Christmas 2025 is only days away, but for many Americans, this season feels heavier than festive. After a year spent struggling to stay afloat, countless families are entering the holidays with more worry than joy.
Wages remain stagnant, often hovering just above minimum wage. Housing costs have soared so high that even the least desirable apartments in many communities exceed what working people can reasonably afford. Food prices continue to climb. The Trump Administration can insist otherwise, but anyone who walks into a grocery store knows the truth. Even those with subsidized ACA plans have found medical care increasingly unaffordable. Simply staying alive has become an expensive undertaking.
And it’s not just the poor who are hurting. Millions in the lower rungs of the middle class, people who technically “make ends meet”, are doing so with nothing left over. Every month is a tightrope walk. Trump’s tariffs have added a hidden tax to nearly everything Americans buy. The administration may boast about the revenue, but that money is coming directly from the pockets of ordinary people, not foreign exporters or multinational corporations.
Then there’s the One Big Beautiful Bill – or the Ugly Bill, as many have come to call it. Pushed through by Trump and Congressional Republicans, it has already begun to sting. The real pain, however, is scheduled to arrive after the midterm elections, when delayed provisions kick in. That timing was no accident. It was a calculated bet that voters would forget what was coming.
And we cannot ignore the human toll of the administration’s immigration policies. Thousands of immigrants, some undocumented, many fully legal until their status was revoked, have been deported or imprisoned in conditions described as despicable: inadequate food, insufficient water, and withheld medications. For them, Christmas will not be a season of comfort or joy.
This year has been overshadowed by policies that have fractured the American community I belong to. We’ve witnessed corruption at the highest levels of government, deception used to mask abuses of power, and attempts to prosecute political opponents. We’ve seen threats and punitive actions aimed at universities, law firms, the media, and even judges. We’ve watched the administration justify lethal strikes on alleged “drug runners” in the Pacific and Caribbean, without evidence, while ordering military officers to carry out actions many believe to be illegal.
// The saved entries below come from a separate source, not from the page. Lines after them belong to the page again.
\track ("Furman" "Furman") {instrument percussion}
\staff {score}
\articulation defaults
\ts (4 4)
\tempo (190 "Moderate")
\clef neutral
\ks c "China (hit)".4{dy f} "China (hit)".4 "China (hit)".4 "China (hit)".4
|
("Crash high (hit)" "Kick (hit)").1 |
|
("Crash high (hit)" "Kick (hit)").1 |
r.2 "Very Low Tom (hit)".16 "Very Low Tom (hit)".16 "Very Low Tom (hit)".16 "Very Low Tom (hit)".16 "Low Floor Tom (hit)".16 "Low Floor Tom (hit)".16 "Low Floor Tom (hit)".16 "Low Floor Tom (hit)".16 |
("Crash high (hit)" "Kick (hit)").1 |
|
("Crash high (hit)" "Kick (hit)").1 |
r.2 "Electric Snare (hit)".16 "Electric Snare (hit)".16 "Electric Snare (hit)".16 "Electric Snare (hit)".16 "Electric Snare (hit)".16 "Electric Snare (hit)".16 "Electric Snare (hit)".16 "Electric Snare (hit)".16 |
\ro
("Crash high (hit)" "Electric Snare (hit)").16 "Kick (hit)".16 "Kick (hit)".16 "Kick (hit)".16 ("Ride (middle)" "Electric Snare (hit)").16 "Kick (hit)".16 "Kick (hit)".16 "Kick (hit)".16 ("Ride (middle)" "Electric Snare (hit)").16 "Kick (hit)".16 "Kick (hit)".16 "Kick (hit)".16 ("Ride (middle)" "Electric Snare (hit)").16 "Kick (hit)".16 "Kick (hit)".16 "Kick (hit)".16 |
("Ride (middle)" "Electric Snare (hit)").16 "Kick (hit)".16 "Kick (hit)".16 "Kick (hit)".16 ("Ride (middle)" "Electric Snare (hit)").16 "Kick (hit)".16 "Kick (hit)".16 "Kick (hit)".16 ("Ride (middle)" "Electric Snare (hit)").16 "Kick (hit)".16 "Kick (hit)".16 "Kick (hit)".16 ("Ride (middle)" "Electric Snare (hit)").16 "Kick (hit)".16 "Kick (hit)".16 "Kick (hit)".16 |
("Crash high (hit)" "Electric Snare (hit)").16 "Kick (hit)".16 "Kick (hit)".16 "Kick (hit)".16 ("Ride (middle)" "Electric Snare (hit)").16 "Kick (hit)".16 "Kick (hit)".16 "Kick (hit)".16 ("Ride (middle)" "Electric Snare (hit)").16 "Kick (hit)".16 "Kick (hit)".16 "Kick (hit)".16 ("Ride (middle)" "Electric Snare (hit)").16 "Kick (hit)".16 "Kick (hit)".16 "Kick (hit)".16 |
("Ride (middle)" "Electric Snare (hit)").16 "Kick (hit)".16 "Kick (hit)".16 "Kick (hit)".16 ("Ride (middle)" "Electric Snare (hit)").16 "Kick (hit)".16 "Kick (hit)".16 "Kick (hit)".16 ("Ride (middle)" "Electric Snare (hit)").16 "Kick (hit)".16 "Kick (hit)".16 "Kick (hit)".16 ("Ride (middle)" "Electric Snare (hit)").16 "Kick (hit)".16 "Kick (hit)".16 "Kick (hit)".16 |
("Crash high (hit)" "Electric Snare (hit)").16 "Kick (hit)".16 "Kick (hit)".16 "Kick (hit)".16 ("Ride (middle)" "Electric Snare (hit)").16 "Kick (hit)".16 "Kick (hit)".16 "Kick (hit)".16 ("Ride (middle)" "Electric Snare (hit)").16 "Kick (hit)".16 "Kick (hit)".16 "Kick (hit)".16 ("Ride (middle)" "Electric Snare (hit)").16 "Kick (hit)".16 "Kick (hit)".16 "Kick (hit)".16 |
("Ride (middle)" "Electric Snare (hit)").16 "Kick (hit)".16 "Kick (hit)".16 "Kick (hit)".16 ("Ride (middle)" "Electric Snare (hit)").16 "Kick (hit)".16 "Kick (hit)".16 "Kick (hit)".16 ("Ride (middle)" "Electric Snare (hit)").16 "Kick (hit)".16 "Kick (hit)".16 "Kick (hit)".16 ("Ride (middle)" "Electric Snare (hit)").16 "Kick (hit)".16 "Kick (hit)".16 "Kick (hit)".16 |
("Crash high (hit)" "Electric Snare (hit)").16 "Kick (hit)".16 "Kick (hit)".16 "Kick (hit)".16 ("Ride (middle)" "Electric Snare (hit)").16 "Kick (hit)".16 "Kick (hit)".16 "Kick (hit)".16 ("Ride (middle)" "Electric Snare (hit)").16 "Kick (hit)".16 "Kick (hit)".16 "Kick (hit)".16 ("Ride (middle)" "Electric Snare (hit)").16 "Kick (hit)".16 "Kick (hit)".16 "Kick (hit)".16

And we’ve seen the deliberate obstruction of the Epstein files, in defiance of an Act of Congress.
It’s a dark list. And yet, as the year ends, I find myself holding onto something essential: hope.
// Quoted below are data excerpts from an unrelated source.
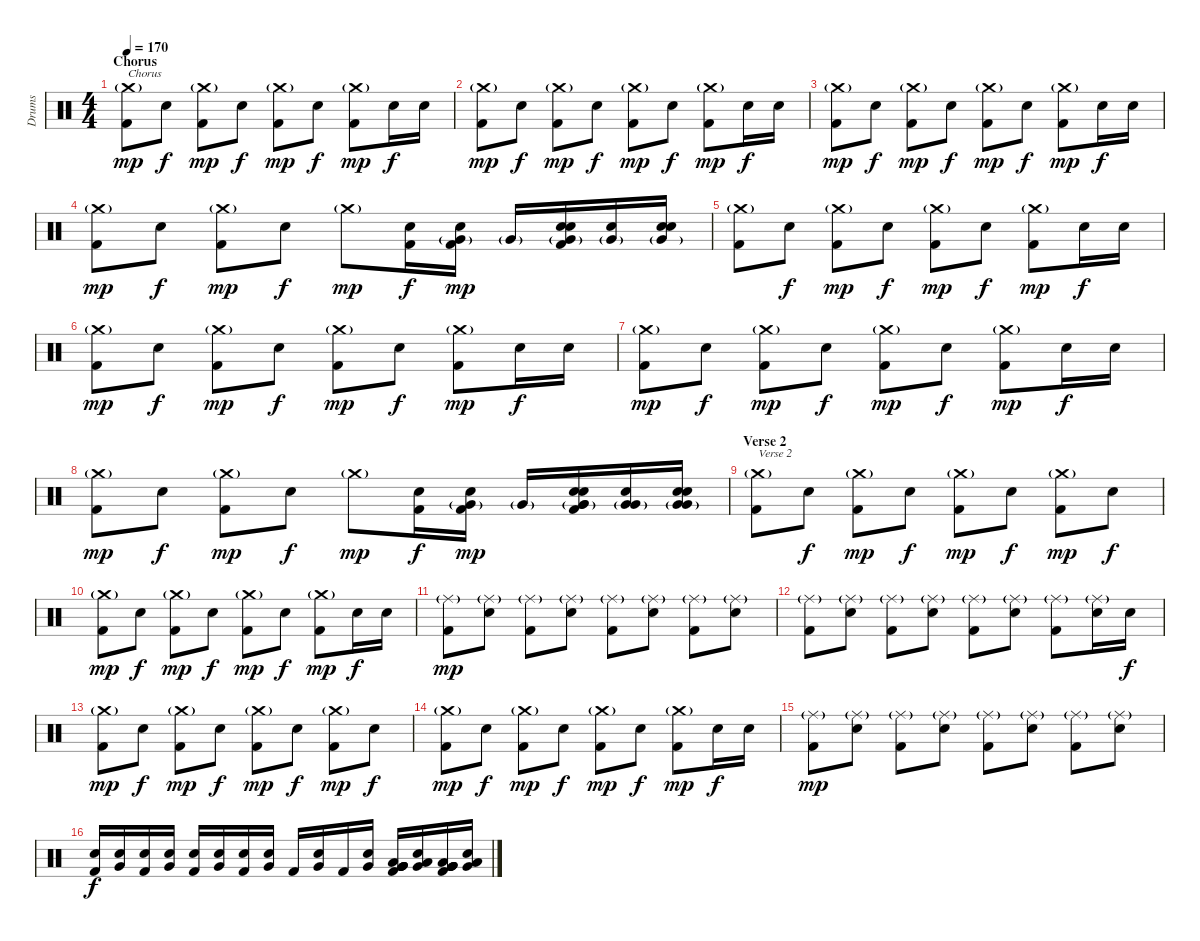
\track ("Drums" "Drums") {instrument percussion}
\staff {score}
\articulation defaults
\ts (4 4)
\section ("" "Chorus")
\tempo 170
\clef neutral
\ks c
("Crash medium (hit)"{g} "Kick (hit) 2").8{txt "Chorus" dy mp} "Snare (hit) 2".8{dy f} ("Crash medium (hit)"{g} "Kick (hit) 2").8{dy mp} "Snare (hit) 2".8{dy f} ("Crash medium (hit)"{g} "Kick (hit) 2").8{dy mp} "Snare (hit) 2".8{dy f} ("Crash medium (hit)"{g} "Kick (hit) 2").8{dy mp} "Snare (hit) 2".16{dy f} "Snare (hit) 2".16 |
("Crash medium (hit)"{g} "Kick (hit) 2").8{dy mp} "Snare (hit) 2".8{dy f} ("Crash medium (hit)"{g} "Kick (hit) 2").8{dy mp} "Snare (hit) 2".8{dy f} ("Crash medium (hit)"{g} "Kick (hit) 2").8{dy mp} "Snare (hit) 2".8{dy f} ("Crash medium (hit)"{g} "Kick (hit) 2").8{dy mp} "Snare (hit) 2".16{dy f} "Snare (hit) 2".16 |
("Crash medium (hit)"{g} "Kick (hit) 2").8{dy mp} "Snare (hit) 2".8{dy f} ("Crash medium (hit)"{g} "Kick (hit) 2").8{dy mp} "Snare (hit) 2".8{dy f} ("Crash medium (hit)"{g} "Kick (hit) 2").8{dy mp} "Snare (hit) 2".8{dy f} ("Crash medium (hit)"{g} "Kick (hit) 2").8{dy mp} "Snare (hit) 2".16{dy f} "Snare (hit) 2".16 |
("Crash medium (hit)"{g} "Kick (hit) 2").8{dy mp} "Snare (hit) 2".8{dy f} ("Crash medium (hit)"{g} "Kick (hit) 2").8{dy mp} "Snare (hit) 2".8{dy f} "Crash medium (hit)"{g}.8{dy mp} ("Snare (hit) 2" "Kick (hit) 2").16{dy f} ("Very Low Tom (hit)"{g} "Snare (hit) 2" "Kick (hit) 2").16{dy mp} "Very Low Tom (hit)"{g}.16 ("Very Low Tom (hit)"{g} "Snare (hit) 2" "Kick (hit) 2" "Snare (hit) 2").16 ("Very Low Tom (hit)"{g} "Snare (hit) 2").16 ("Very Low Tom (hit)"{g} "Snare (hit) 2" "Snare (hit) 2").16 |
("Crash medium (hit)"{g} "Kick (hit) 2").8 "Snare (hit) 2".8{dy f} ("Crash medium (hit)"{g} "Kick (hit) 2").8{dy mp} "Snare (hit) 2".8{dy f} ("Crash medium (hit)"{g} "Kick (hit) 2").8{dy mp} "Snare (hit) 2".8{dy f} ("Crash medium (hit)"{g} "Kick (hit) 2").8{dy mp} "Snare (hit) 2".16{dy f} "Snare (hit) 2".16 |
("Crash medium (hit)"{g} "Kick (hit) 2").8{dy mp} "Snare (hit) 2".8{dy f} ("Crash medium (hit)"{g} "Kick (hit) 2").8{dy mp} "Snare (hit) 2".8{dy f} ("Crash medium (hit)"{g} "Kick (hit) 2").8{dy mp} "Snare (hit) 2".8{dy f} ("Crash medium (hit)"{g} "Kick (hit) 2").8{dy mp} "Snare (hit) 2".16{dy f} "Snare (hit) 2".16 |
("Crash medium (hit)"{g} "Kick (hit) 2").8{dy mp} "Snare (hit) 2".8{dy f} ("Crash medium (hit)"{g} "Kick (hit) 2").8{dy mp} "Snare (hit) 2".8{dy f} ("Crash medium (hit)"{g} "Kick (hit) 2").8{dy mp} "Snare (hit) 2".8{dy f} ("Crash medium (hit)"{g} "Kick (hit) 2").8{dy mp} "Snare (hit) 2".16{dy f} "Snare (hit) 2".16 |
("Crash medium (hit)"{g} "Kick (hit) 2").8{dy mp} "Snare (hit) 2".8{dy f} ("Crash medium (hit)"{g} "Kick (hit) 2").8{dy mp} "Snare (hit) 2".8{dy f} "Crash medium (hit)"{g}.8{dy mp} ("Snare (hit) 2" "Kick (hit) 2").16{dy f} ("Very Low Tom (hit)"{g} "Snare (hit) 2" "Kick (hit) 2").16{dy mp} "Very Low Tom (hit)"{g}.16 ("Very Low Tom (hit)" "Very Low Tom (hit)"{g} "Snare (hit) 2" "Kick (hit) 2" "Snare (hit) 2").16 ("Very Low Tom (hit)" "Very Low Tom (hit)"{g} "Snare (hit) 2").16 ("Very Low Tom (hit)" "Very Low Tom (hit)"{g} "Snare (hit) 2" "Snare (hit) 2").16 |
\section ("" "Verse 2")
("Crash medium (hit)"{g} "Kick (hit) 2").8{txt "Verse 2"} "Snare (hit) 2".8{dy f} ("Crash medium (hit)"{g} "Kick (hit) 2").8{dy mp} "Snare (hit) 2".8{dy f} ("Crash medium (hit)"{g} "Kick (hit) 2").8{dy mp} "Snare (hit) 2".8{dy f} ("Crash medium (hit)"{g} "Kick (hit) 2").8{dy mp} "Snare (hit) 2".8{dy f} |
("Crash medium (hit)"{g} "Kick (hit) 2").8{dy mp} "Snare (hit) 2".8{dy f} ("Crash medium (hit)"{g} "Kick (hit) 2").8{dy mp} "Snare (hit) 2".8{dy f} ("Crash medium (hit)"{g} "Kick (hit) 2").8{dy mp} "Snare (hit) 2".8{dy f} ("Crash medium (hit)"{g} "Kick (hit) 2").8{dy mp} "Snare (hit) 2".16{dy f} "Snare (hit) 2".16 |
("Ride (middle)"{g} "Kick (hit) 2").8{dy mp} ("Ride (middle)"{g} "Snare (hit) 2").8 ("Ride (middle)"{g} "Kick (hit) 2").8 ("Ride (middle)"{g} "Snare (hit) 2").8 ("Ride (middle)"{g} "Kick (hit) 2").8 ("Ride (middle)"{g} "Snare (hit) 2").8 ("Ride (middle)"{g} "Kick (hit) 2").8 ("Ride (middle)"{g} "Snare (hit) 2").8 |
("Ride (middle)"{g} "Kick (hit) 2").8 ("Ride (middle)"{g} "Snare (hit) 2").8 ("Ride (middle)"{g} "Kick (hit) 2").8 ("Ride (middle)"{g} "Snare (hit) 2").8 ("Ride (middle)"{g} "Kick (hit) 2").8 ("Ride (middle)"{g} "Snare (hit) 2").8 ("Ride (middle)"{g} "Kick (hit) 2").8 ("Ride (middle)"{g} "Snare (hit) 2").16 "Snare (hit) 2".16{dy f} |
("Crash medium (hit)"{g} "Kick (hit) 2").8{dy mp} "Snare (hit) 2".8{dy f} ("Crash medium (hit)"{g} "Kick (hit) 2").8{dy mp} "Snare (hit) 2".8{dy f} ("Crash medium (hit)"{g} "Kick (hit) 2").8{dy mp} "Snare (hit) 2".8{dy f} ("Crash medium (hit)"{g} "Kick (hit) 2").8{dy mp} "Snare (hit) 2".8{dy f} |
("Crash medium (hit)"{g} "Kick (hit) 2").8{dy mp} "Snare (hit) 2".8{dy f} ("Crash medium (hit)"{g} "Kick (hit) 2").8{dy mp} "Snare (hit) 2".8{dy f} ("Crash medium (hit)"{g} "Kick (hit) 2").8{dy mp} "Snare (hit) 2".8{dy f} ("Crash medium (hit)"{g} "Kick (hit) 2").8{dy mp} "Snare (hit) 2".16{dy f} "Snare (hit) 2".16 |
("Ride (middle)"{g} "Kick (hit) 2").8{dy mp} ("Ride (middle)"{g} "Snare (hit) 2").8 ("Ride (middle)"{g} "Kick (hit) 2").8 ("Ride (middle)"{g} "Snare (hit) 2").8 ("Ride (middle)"{g} "Kick (hit) 2").8 ("Ride (middle)"{g} "Snare (hit) 2").8 ("Ride (middle)"{g} "Kick (hit) 2").8 ("Ride (middle)"{g} "Snare (hit) 2").8 |
("Snare (hit) 2" "Kick (hit) 2").16{dy f} ("Snare (hit) 2" "Very Low Tom (hit)").16 ("Snare (hit) 2" "Kick (hit) 2").16 ("Snare (hit) 2" "Very Low Tom (hit)").16 ("Snare (hit) 2" "Kick (hit) 2").16 ("Snare (hit) 2" "Very Low Tom (hit)").16 ("Snare (hit) 2" "Kick (hit) 2").16 ("Snare (hit) 2" "Very Low Tom (hit)").16 "Kick (hit) 2".16 ("Snare (hit) 2" "Very Low Tom (hit)").16 "Kick (hit) 2".16 ("Snare (hit) 2" "Very Low Tom (hit)").16 ("Low Tom (hit)" "Very Low Tom (hit)" "Very Low Tom (hit)" "Very Low Tom (hit)" "Very Low Tom (hit)" "Kick (hit) 2").16 ("Low Tom (hit)" "Snare (hit) 2" "Very Low Tom (hit)").16 ("Low Tom (hit)" "Very Low Tom (hit)" "Very Low Tom (hit)" "Very Low Tom (hit)" "Very Low Tom (hit)" "Kick (hit) 2").16 ("Low Tom (hit)" "Snare (hit) 2" "Very Low Tom (hit)").16

New Year’s Eve is traditionally a time for resolutions. This year, our resolution must be collective. Let us resolve to raise our voices – loudly – against policies that harm our neighbors and erode our democracy. Let us stand with immigrants, defend their dignity, and fight for their rights. Let us demand that Congressional Republicans fulfill their constitutional responsibilities and hold the administration accountable. Let us insist on a Supreme Court guided by genuine legal principle rather than partisan loyalty.
And above all, let us resolve to vote next November. There will be obstacles. There will be efforts to make voting harder. But your vote remains the most powerful tool you possess. It can correct the course of this country. It can restore decency and fairness. It can make Christmas 2026 a brighter, more hopeful season for all of us.
This year may be shadowed by hardship. But the future is not yet written – and we still have the power to shape it.